Per contra, the Respondent submitted that the guarantee was never validly invoked and a notice was merely a loan recall notice, not an invocation of the guarantee. It was further submitted that the balance sheets signed by suspended directors were signed subsequent to initiation of the CIRP and therefore were authorised and invalid under section 17 of the IBC.
It was further contended that No balance sheet was approved by the shareholders or filed with the Registrar of Companies. Since the guarantor did not personally sign or authorised any acknowledgment, section 18 of the Limitation Act could not apply.
Findings:
Rejecting the respondent's objections, the Tribunal held that the petition was filed within limitation.
It further rejected the plea that since the balance sheets were signed during CIRP, they will not constitute valid acknowledgments holding that the balance sheets up to FY 2019–20 signed by directors constituted a valid acknowledgment under section 18 of the Limitation Act.
“The mere fact of a company entering insolvency does not relieve the suspended directors from their statutory duty to sign annual financial statements under Sections 129 and 134 of the Companies Act, 2013. Such acknowledgments, even during CIRP, are binding and valid,” the Bench observed.
Relying on clause 12 and 19 of the Deed, the Tribunal held that “Any acknowledgment or admission made by the borrower shall be deemed to have been made by or on behalf of the guarantor and shall be binding upon each of them. The guarantor, having executed such a clause, cannot now deny its effect.”

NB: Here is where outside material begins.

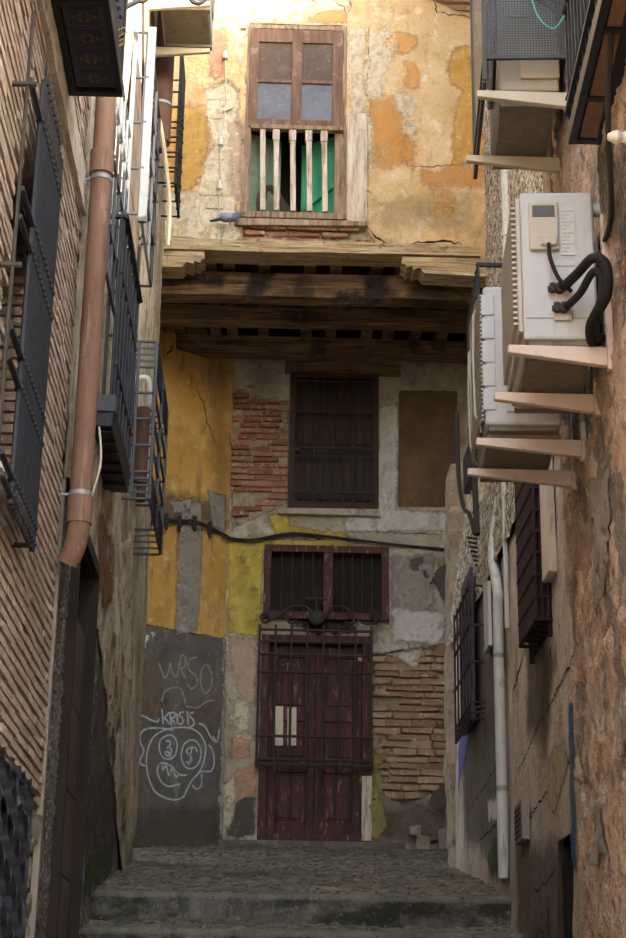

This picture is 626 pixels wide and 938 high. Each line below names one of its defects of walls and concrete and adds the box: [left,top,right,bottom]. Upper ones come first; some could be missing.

The Tribunal referred to section 128 of the Contract Act to hold that the liability of the guarantor is co-extensive with that of the borrower. Therefore, any acknowledgment by the corporate debtor validly extends the limitation period against the guarantor also. Relying on Syndicate Bank, the Tribunal observed that “acknowledgment of liability by the principal debtor renews limitation against both the debtor and the surety.”
The Tribunal further held that the recall notice expressly required payment within 7 days and warned that a strict legal action would be taken against the guarantor. Therefore, it was a valid invocation of the guarantee. The plea that the guarantee was not invoked is factually incorrect.
The Tribunal distinguished SBI v. Deepak Kumar Singhania from the present case holding that in that case no demand or recall was issued before filing an application under section 95 of the IBC unlike the present case.
Accordingly, the present appeal was allowed and the impugned order was set aside.